Now we want to retrieve a timeseries for our polygon. Before we can do this, we need to know which 'layer' to query. This list of layers can also be retrieved from the web service:

In [7]:
import requests
response = requests.get("https://proba-v-mep.esa.int/api/timeseries/v1.0/ts/")
if response.status_code == 200:
    layerlist = response.json()['layers']
    layers = [layer['name'] for layer in layerlist if layer['name'].startswith('S2_') or layer['name'].startswith('PROBA') or layer['name'].startswith('BIOPAR')]
else:
    raise IOError(response.text)
layers
Out[7]:
['BIOPAR_LAI_V2_GLOBAL',
 'BIOPAR_FAPAR_V1_GLOBAL',
 'PROBAV_L3_S10_TOC_NDVI_333M',
 'S2_MARKERMEER',
 'BIOPAR_FCOVER300_V1_GLOBAL',
 'BIOPAR_FCOVER_V1_GLOBAL',
 'BIOPAR_LAI300_V1_GLOBAL',
 'S2_FAPAR_CLOUDCOVER',
 'BIOPAR_FAPAR300_V1_GLOBAL',
 'BIOPAR_FAPAR_V2_GLOBAL',
 'BIOPAR_FCOVER_V2_GLOBAL',
 'S2_NDVI',
 'S2_LAI',
 'S2_FAPAR',
 'BIOPAR_LAI_V1_GLOBAL',
 'BIOPAR_NDVI300_V1_GLOBAL',
 'BIOPAR_NDVI_V2_GLOBAL',
 'BIOPAR_WB300_V1_GLOBAL',
 'S2_FCOVER',
 'BIOPAR_BA300_V1_GLOBAL']

All of these layers can be queried, so let's go multitemporal, and query a PROBA-V and Sentinel 2 timeseries for the same area.

In [10]:
start = "2016-01-01"
end = "2018-12-01"
import dataclient
sentinel2_data = dataclient.get_timeseries(test_area,"S2_NDVI","2016-01-01","2018-12-01")
probav_data = dataclient.get_timeseries(test_area,"PROBAV_L3_S10_TOC_NDVI_333M","2016-01-01","2018-12-01")

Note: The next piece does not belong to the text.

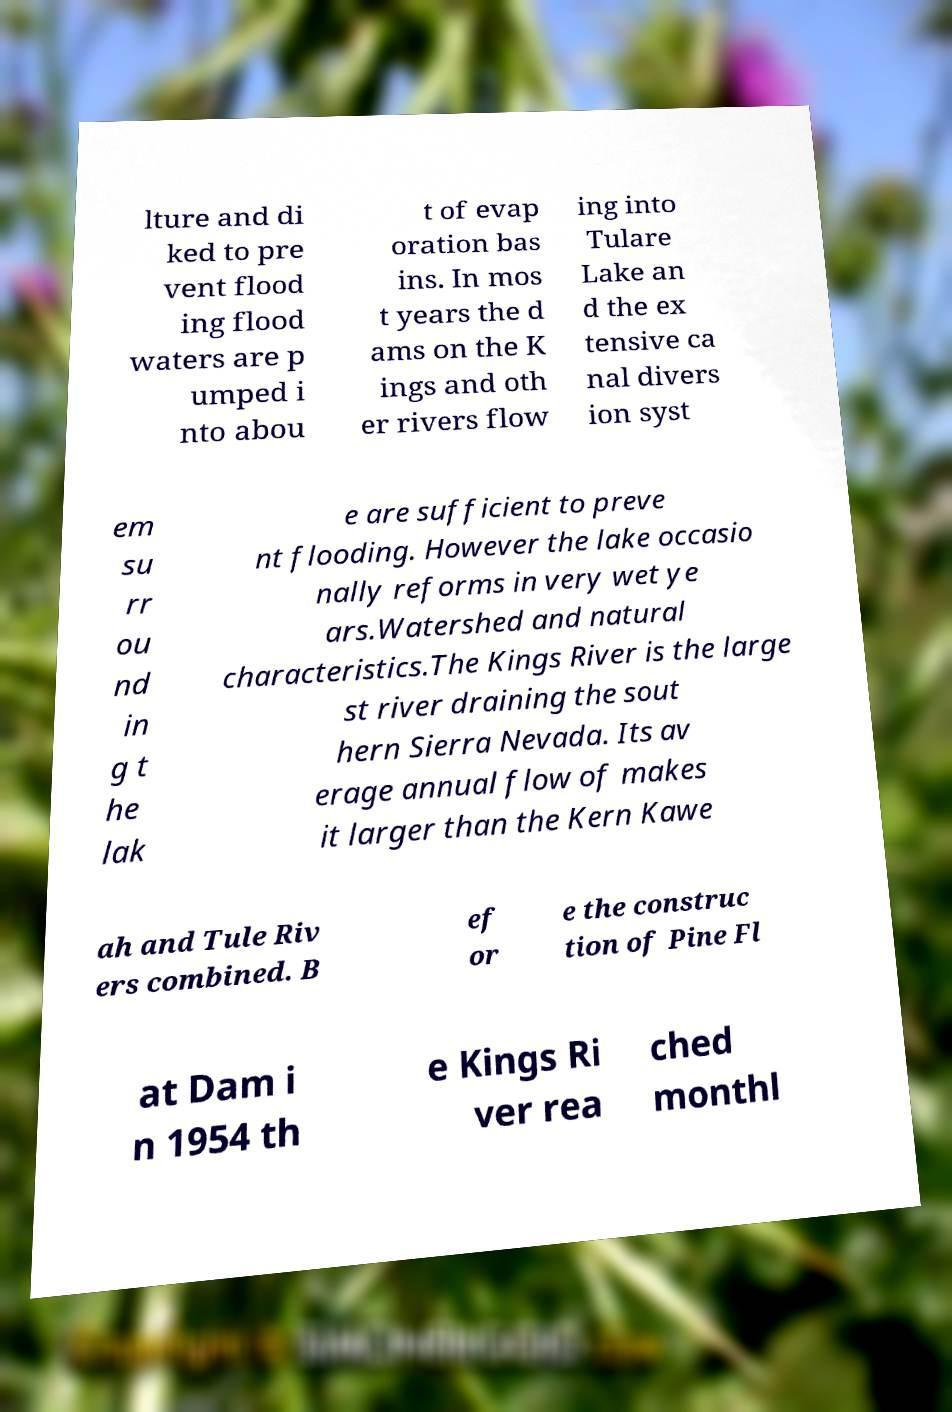Please read and relay the text visible in this image. What does it say? lture and di ked to pre vent flood ing flood waters are p umped i nto abou t of evap oration bas ins. In mos t years the d ams on the K ings and oth er rivers flow ing into Tulare Lake an d the ex tensive ca nal divers ion syst em su rr ou nd in g t he lak e are sufficient to preve nt flooding. However the lake occasio nally reforms in very wet ye ars.Watershed and natural characteristics.The Kings River is the large st river draining the sout hern Sierra Nevada. Its av erage annual flow of makes it larger than the Kern Kawe ah and Tule Riv ers combined. B ef or e the construc tion of Pine Fl at Dam i n 1954 th e Kings Ri ver rea ched monthl 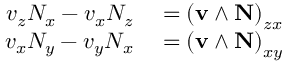Convert formula to latex. <formula><loc_0><loc_0><loc_500><loc_500>\begin{array} { r l } { v _ { z } N _ { x } - v _ { x } N _ { z } } & = \left ( v \wedge N \right ) _ { z x } } \\ { v _ { x } N _ { y } - v _ { y } N _ { x } } & = \left ( v \wedge N \right ) _ { x y } } \end{array}</formula>

The result is a Pandas Series object, which can be plotted immediately:

In [11]:
%matplotlib inline
import matplotlib.pyplot as plt
sentinel2_data.name="S2 NDVI"
probav_data.name = "PROBA-V NDVI"
sentinel2_data.dropna().plot(figsize=(12,4))
probav_data.dropna().plot(figsize=(12,4))
plt.legend()
plt.show()

Due to it's low temporal resolution, the Sentinel 2 data is heavily affected by clouds. We can also request smoothed curves:

In [12]:
import dataclient
sentinel2_smooth = dataclient.get_timeseries(test_area,"S2_NDVI",start,end,endpoint="http://pep.vgt.vito.be:8080/TimeseriesSmooth/v1.0/ts/")
probav_smooth = dataclient.get_timeseries(test_area,"PROBAV_L3_S10_TOC_NDVI_333M",start,end,endpoint="http://pep.vgt.vito.be:8080/TimeseriesSmooth/v1.0/ts/")
In [13]:
sentinel2_smooth.name="S2 NDVI Smooth"
probav_smooth.name = "PROBA-V NDVI Smooth"
sentinel2_smooth.dropna().plot(figsize=(10,4))
probav_smooth.dropna().plot(figsize=(10,4))
plt.legend()
plt.show()

As we can see, the Sentinel 2 data needs more filtering to reduce the effects of clouds.

Timeseries dissection

Up to this point, we have only used the average pixel value for our timeseries analysis. However, we may want to derive more detailed statistics such as percentiles. To help you out, we added support for histograms to our web service and Python client.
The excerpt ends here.